Obama confronts demon of racial bias
O, yes, I say it plain, America never was America to me. And yet I swear this oath: America will be!
--Langston Hughes, “Let America Be America Again”
Langston Hughes, a powerful voice in the Harlem literary renaissance during the 1920s, suffered discrimination and desegregation as most blacks in America have. But he continued to hope that America would “be the dream the dreamers dreamed,” that it would be the “great strong land of love.”
Barack Obama has the same hope and and drive for social justice that poet Hughes had. And that is why Obama has stirred mass enthusiasm, heavy voter registration and ardent support throughout the nation.

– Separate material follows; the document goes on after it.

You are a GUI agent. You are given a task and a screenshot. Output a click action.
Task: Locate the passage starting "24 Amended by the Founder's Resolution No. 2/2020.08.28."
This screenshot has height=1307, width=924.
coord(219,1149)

Obama confronted the demon of racial prejudice with a speech recently that was hailed by some observers as great, magnificent, a landmark, a masterpiece.
Columnist Bob Herbert of the New York Times said it should be required reading “in classrooms across the country.” Author George Lakoff called it “one of the greatest ever,” comparing it to the eloquence of Lincoln.

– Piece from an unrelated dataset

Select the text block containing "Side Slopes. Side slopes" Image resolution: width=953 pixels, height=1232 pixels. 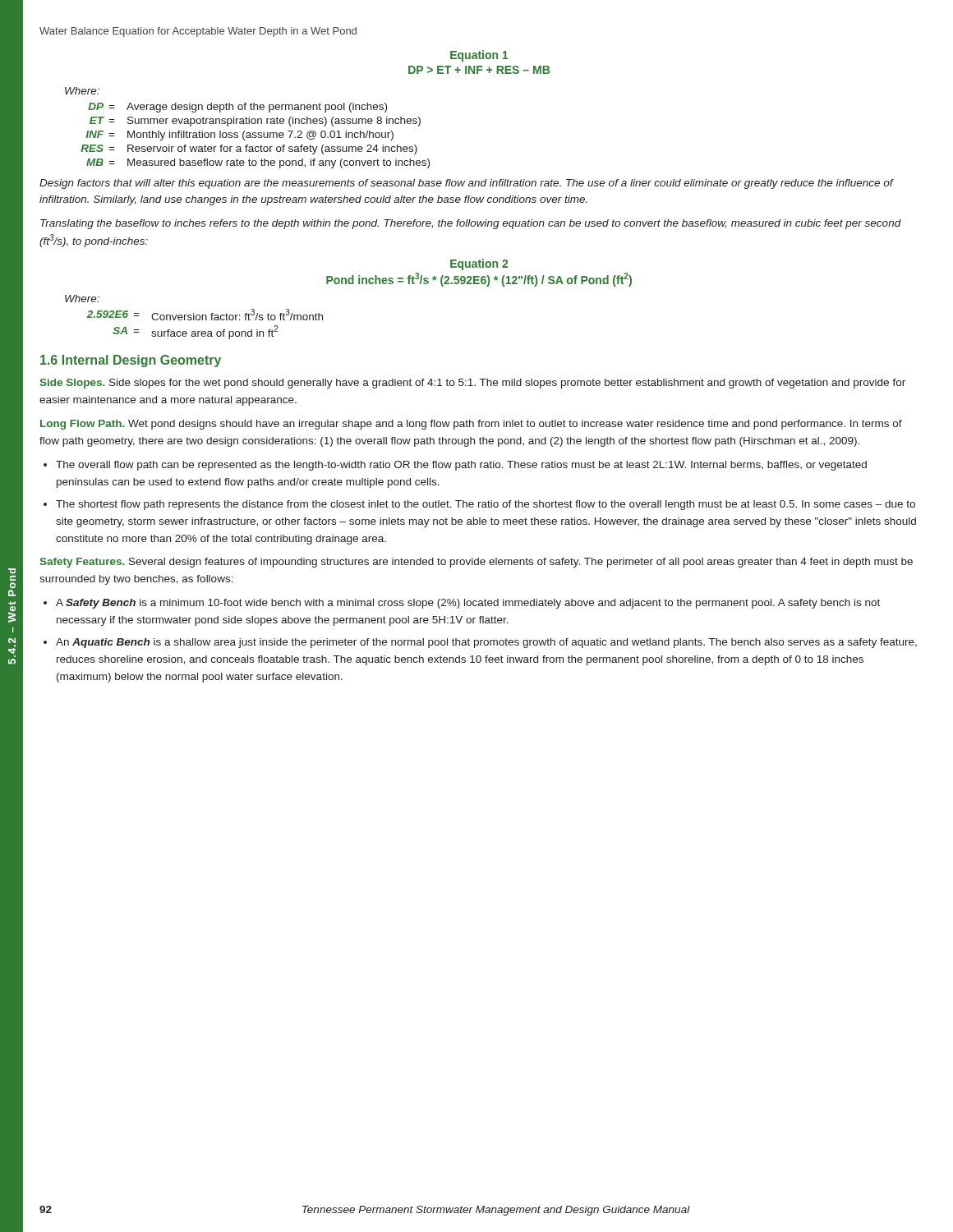point(472,391)

Perhaps. Time will tell, not the emotions of the moment. As Shakespeare said: “Ripeness is all.” The Obama speech has yet to ripen.
Nevertheless, the speech was terribly important. Obama sought to exorcise forever the racism in politics. He wanted to render race irrelevant--as it should be. Yet the bitter truth is that race-baiting has played a despicable role in politics for more than 40 years. It still wins elections.
Nixon in the 1970s developed the racist Southern Strategy. Reagan made a point of opening his 1980 campaign in Philadelphia, Miss., the site of the grisly murders of three civil rights workers, as a blatant gesture to racists. Bush II started his 2000 campaign at Bob Jones University, which prohibited interracial dating. And McCain condones the segregation-forever Confederate flag flying over the state capitol in South Carolina.
Another bitter truth: so many people in America vote their racial prejudice at the expense of their own economic interests. So many people vote for Republican candidates who are strongly opposed to their social and domestic needs.
As Obama told columnist Herbert: “It hard to address big issues if we’re easily distracted by racial antagonism.” And as he said in The Speech: the enormous challenges the nation faces, in Iraq and Afghanistan wars, in the failing economy and in climate change, cannot be solved in an environment riven by divisiveness and hostility,
The Speech had its own symbolism. Place: Philadelphia, where the Declaration of Independence and the Constitution were framed. Site: Constitution Hall. Obama, surrounded by the de rigueur American flags, began his speech with the first words of the Constitution: “We the people, in order to form a more perfect union….”
Then he urged “a more just, more equal, more free, more caring” America. He repeatedly noted the “empathy deficit,” what author Lakoff calls “the heart of progressive politics.”
The policies of the Bush administration have been anything but empathetic and progressive. A President Obama would reverse those shameful policies. He has already displayed his empathy by posting the most liberal voting record in the Senate.
The ‘Economic draft’
The Iraq war is being fought with an “economic draft.” As Michael Zweig wrote in The Nation recently:
“Members of the armed forces come mainly and disproportionately from the working class and from small town and rural America where opportunities are hard to come by. The economic draft operates, in effect, to recruit young people from these communities as they sign up to gain job skills, experience and educational opportunities absent from their civilian lives.”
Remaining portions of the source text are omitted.